**Exercise directions**
Where the listing below has a line with "Your response must be concise. No.", write out exactly that line and every line after it, stopping after the line with "Give a very brief answer. 0.81.".

**Recorded information**

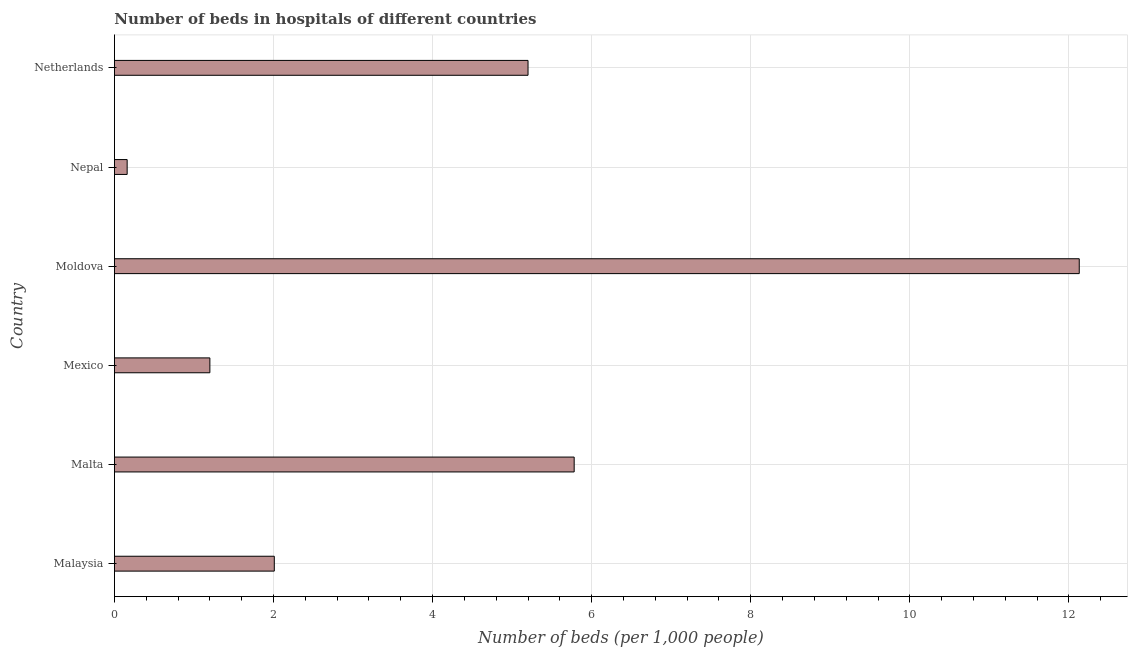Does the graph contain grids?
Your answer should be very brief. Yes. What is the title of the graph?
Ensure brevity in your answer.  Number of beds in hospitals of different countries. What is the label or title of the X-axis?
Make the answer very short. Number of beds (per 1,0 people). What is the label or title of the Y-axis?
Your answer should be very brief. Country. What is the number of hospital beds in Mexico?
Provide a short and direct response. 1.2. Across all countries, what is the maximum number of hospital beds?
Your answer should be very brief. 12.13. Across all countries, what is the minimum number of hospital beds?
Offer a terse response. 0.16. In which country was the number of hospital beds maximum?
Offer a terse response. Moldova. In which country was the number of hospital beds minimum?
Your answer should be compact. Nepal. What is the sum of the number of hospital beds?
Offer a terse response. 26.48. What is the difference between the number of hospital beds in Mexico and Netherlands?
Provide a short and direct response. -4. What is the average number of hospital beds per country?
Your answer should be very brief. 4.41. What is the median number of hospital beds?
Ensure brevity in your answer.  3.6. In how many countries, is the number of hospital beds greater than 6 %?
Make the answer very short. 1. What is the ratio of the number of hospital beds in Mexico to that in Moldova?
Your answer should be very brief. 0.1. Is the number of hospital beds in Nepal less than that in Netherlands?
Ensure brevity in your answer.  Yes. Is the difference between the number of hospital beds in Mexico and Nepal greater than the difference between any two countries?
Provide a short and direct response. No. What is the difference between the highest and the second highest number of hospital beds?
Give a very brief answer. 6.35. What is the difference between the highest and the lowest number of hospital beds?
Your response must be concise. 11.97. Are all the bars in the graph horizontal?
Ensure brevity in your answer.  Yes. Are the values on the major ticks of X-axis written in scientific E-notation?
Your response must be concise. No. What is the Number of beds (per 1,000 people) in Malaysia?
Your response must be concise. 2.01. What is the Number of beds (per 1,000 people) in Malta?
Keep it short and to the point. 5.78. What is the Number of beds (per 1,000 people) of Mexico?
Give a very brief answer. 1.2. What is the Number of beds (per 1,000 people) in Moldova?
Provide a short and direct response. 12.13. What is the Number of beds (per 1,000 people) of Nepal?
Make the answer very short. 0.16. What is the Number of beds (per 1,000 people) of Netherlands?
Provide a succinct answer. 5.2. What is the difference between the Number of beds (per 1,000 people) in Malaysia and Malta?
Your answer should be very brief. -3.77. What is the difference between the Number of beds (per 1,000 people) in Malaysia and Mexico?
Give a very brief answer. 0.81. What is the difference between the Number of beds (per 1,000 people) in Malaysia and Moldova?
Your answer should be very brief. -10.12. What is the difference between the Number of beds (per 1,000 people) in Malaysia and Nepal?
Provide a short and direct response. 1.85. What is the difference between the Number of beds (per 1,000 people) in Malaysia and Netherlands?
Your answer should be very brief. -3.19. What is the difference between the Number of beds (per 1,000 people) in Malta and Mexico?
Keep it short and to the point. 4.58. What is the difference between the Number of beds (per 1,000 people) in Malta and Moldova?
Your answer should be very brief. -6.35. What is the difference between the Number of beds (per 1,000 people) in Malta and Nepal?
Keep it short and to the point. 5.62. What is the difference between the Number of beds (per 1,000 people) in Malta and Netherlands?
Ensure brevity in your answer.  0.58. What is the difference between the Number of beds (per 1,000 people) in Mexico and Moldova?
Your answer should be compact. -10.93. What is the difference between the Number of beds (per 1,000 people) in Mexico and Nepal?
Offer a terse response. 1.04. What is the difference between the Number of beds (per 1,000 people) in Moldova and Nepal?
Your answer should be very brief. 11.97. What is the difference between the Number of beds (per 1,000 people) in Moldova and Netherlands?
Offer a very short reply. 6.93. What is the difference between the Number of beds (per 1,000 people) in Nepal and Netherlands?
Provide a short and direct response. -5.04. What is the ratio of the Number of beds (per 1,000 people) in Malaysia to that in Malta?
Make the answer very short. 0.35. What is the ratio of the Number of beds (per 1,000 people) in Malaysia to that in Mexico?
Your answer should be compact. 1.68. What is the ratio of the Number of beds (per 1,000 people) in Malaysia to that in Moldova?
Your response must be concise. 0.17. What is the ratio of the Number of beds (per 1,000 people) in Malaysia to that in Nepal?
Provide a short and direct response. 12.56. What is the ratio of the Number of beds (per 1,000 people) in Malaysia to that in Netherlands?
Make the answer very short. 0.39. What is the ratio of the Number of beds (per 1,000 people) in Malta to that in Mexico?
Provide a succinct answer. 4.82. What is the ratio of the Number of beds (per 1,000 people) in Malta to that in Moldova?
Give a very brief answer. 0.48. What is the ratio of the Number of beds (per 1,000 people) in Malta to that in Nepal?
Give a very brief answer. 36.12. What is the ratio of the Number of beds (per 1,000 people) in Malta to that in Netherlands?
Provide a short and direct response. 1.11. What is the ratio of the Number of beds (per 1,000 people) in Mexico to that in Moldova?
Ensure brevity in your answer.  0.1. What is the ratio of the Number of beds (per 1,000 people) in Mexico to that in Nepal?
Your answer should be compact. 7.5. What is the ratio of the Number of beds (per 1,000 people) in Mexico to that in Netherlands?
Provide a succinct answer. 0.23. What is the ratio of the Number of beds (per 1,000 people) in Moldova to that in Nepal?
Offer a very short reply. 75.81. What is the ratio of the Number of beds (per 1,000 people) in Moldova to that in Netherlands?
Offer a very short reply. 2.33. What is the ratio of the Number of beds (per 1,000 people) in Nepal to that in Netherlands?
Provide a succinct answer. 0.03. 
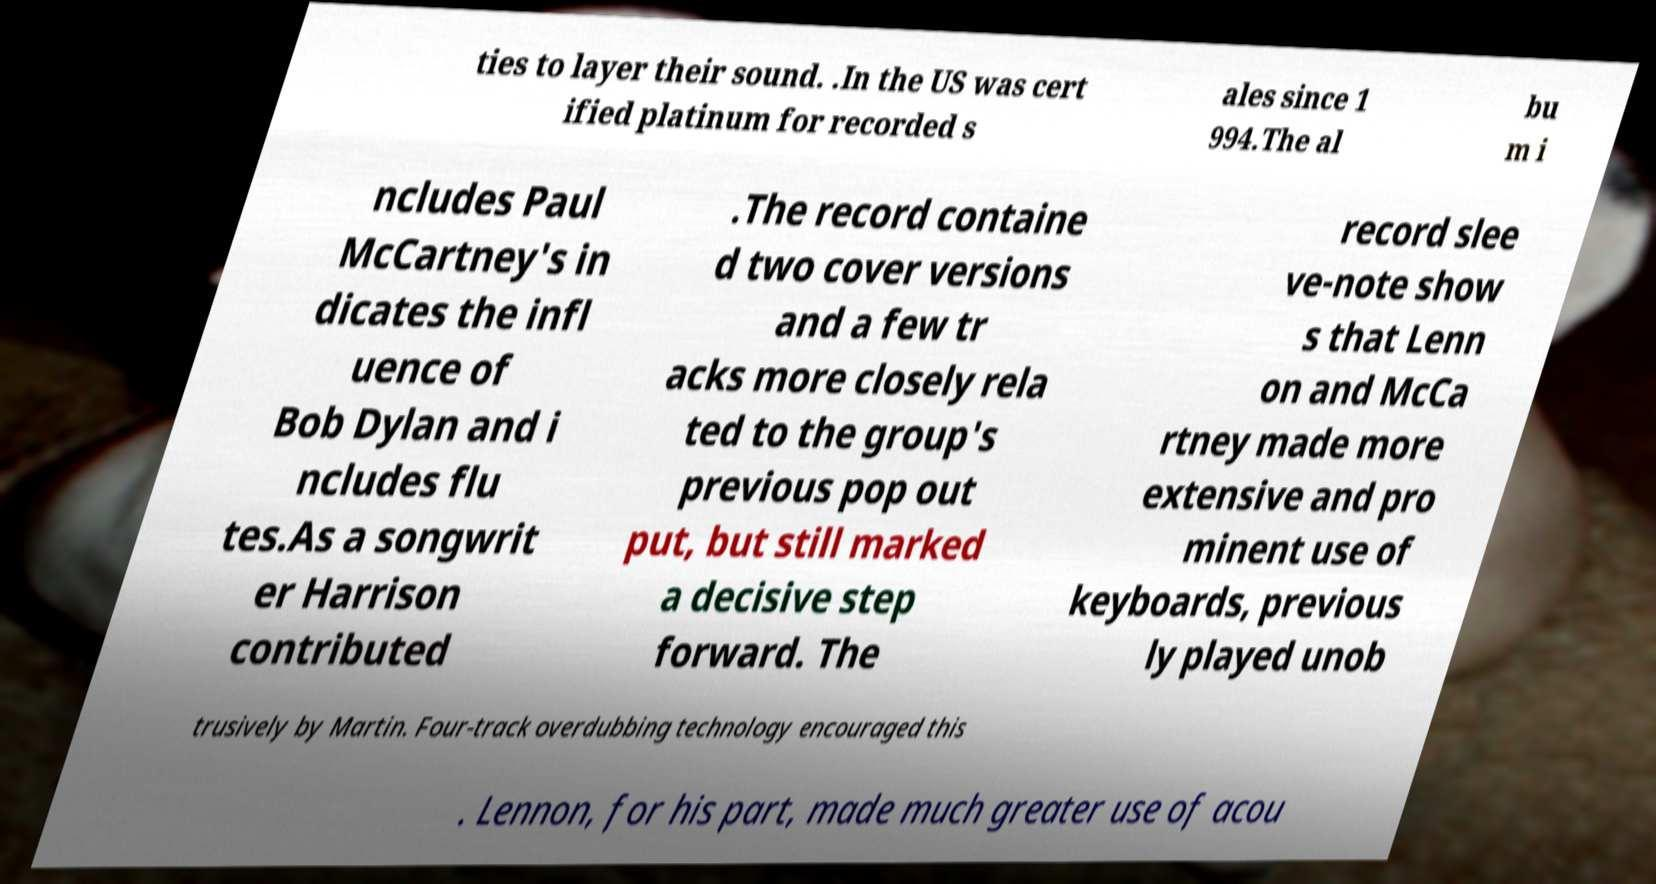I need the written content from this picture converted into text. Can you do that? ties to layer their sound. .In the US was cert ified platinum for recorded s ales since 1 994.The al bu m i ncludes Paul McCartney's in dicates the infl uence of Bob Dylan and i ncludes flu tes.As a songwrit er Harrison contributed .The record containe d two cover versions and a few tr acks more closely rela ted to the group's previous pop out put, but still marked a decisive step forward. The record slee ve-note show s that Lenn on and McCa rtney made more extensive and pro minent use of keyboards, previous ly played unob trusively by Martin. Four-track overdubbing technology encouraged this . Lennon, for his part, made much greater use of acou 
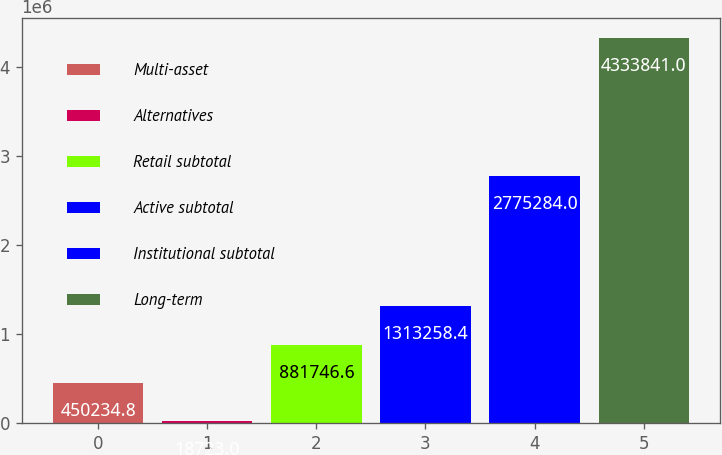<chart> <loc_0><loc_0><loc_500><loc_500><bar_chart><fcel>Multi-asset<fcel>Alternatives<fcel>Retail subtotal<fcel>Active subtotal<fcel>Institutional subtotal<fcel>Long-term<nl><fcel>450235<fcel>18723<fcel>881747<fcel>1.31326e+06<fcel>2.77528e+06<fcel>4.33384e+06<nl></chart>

**Answer**
Your response must be concise. No. What is the Number of beds (per 1,000 people) in Malaysia?
Your response must be concise. 2.01. What is the Number of beds (per 1,000 people) in Malta?
Keep it short and to the point. 5.78. What is the Number of beds (per 1,000 people) of Mexico?
Give a very brief answer. 1.2. What is the Number of beds (per 1,000 people) in Moldova?
Provide a short and direct response. 12.13. What is the Number of beds (per 1,000 people) of Nepal?
Make the answer very short. 0.16. What is the Number of beds (per 1,000 people) of Netherlands?
Provide a succinct answer. 5.2. What is the difference between the Number of beds (per 1,000 people) in Malaysia and Malta?
Your answer should be very brief. -3.77. What is the difference between the Number of beds (per 1,000 people) in Malaysia and Mexico?
Give a very brief answer. 0.81. What is the difference between the Number of beds (per 1,000 people) in Malaysia and Moldova?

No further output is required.